→ **SOURCE INFORMATION**:
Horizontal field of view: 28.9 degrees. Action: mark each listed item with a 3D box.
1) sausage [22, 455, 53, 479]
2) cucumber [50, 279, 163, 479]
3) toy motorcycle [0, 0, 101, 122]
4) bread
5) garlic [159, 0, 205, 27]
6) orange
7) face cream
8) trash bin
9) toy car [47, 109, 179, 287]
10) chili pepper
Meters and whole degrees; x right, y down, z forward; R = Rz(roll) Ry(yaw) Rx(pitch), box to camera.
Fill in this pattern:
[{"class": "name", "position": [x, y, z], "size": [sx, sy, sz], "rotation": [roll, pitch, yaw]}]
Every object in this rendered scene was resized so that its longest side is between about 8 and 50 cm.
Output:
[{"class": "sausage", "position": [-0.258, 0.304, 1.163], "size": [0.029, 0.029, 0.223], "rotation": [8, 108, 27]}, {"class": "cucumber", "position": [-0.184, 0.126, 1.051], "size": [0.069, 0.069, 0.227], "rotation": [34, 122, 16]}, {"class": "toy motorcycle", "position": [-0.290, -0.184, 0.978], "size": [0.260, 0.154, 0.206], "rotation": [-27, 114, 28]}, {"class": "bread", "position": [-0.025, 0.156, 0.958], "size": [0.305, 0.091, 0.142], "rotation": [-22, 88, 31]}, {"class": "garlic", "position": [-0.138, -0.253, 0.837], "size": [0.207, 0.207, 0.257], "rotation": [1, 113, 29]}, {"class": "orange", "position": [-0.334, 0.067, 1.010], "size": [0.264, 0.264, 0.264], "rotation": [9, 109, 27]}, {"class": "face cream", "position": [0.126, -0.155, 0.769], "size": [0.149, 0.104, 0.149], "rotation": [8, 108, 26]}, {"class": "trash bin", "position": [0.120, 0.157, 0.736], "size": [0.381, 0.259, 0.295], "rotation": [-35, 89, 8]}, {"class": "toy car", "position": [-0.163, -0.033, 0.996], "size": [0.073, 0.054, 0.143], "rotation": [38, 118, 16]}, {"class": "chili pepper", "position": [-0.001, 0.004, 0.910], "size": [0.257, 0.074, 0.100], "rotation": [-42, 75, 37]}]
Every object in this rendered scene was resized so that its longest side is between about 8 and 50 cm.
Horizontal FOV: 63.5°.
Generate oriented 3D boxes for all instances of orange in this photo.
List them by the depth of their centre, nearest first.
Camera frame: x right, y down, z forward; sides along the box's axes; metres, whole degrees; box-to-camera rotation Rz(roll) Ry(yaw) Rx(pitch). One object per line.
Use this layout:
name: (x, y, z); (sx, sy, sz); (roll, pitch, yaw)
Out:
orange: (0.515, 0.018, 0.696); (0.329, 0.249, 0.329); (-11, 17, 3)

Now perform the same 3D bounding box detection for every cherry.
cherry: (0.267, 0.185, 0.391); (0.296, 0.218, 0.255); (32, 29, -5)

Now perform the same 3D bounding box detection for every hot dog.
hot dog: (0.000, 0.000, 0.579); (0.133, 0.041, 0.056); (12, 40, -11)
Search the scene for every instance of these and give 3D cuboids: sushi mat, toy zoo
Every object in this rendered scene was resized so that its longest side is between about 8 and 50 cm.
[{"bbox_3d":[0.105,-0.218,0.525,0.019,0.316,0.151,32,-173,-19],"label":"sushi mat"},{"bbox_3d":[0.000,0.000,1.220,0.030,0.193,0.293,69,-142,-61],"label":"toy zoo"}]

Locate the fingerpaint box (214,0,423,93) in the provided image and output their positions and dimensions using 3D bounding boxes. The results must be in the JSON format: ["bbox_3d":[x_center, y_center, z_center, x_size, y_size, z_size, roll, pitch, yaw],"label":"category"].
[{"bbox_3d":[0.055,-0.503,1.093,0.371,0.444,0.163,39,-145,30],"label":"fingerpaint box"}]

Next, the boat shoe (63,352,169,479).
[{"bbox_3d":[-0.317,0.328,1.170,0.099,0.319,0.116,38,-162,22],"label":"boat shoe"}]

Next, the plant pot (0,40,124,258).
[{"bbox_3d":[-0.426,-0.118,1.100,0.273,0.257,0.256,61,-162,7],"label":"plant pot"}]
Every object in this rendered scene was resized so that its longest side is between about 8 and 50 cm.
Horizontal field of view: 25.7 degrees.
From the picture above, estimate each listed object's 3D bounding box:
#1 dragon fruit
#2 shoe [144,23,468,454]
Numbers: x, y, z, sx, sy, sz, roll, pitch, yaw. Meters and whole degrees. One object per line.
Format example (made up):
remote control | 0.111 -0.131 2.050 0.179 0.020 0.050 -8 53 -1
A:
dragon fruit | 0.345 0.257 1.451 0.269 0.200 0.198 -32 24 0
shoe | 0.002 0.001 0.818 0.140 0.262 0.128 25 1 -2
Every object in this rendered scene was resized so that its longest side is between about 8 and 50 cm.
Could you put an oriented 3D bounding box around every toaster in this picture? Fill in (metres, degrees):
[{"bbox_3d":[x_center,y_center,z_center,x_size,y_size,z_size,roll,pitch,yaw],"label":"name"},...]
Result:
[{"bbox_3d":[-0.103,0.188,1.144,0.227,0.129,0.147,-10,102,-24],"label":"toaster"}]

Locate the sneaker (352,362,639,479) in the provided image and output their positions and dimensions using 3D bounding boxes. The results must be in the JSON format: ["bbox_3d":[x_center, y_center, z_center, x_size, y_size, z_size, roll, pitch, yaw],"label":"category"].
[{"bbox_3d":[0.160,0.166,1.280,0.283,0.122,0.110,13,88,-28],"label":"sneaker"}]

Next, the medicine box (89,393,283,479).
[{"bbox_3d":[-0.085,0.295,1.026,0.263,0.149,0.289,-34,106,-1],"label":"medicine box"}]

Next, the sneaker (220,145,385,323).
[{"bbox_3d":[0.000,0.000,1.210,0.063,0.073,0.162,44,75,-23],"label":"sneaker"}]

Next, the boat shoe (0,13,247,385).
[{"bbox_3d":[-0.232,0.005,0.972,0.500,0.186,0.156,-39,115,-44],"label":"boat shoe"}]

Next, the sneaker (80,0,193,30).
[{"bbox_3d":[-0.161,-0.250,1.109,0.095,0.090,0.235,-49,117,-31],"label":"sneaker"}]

→ **TASK REQUIREMENTS**:
What you give back must match the material exactly, beginning with its first line and ending with the line holding "9) toy car [47, 109, 179, 287]".

→ **ANSWER AREA**:
Horizontal field of view: 28.9 degrees. Action: mark each listed item with a 3D box.
1) sausage [22, 455, 53, 479]
2) cucumber [50, 279, 163, 479]
3) toy motorcycle [0, 0, 101, 122]
4) bread
5) garlic [159, 0, 205, 27]
6) orange
7) face cream
8) trash bin
9) toy car [47, 109, 179, 287]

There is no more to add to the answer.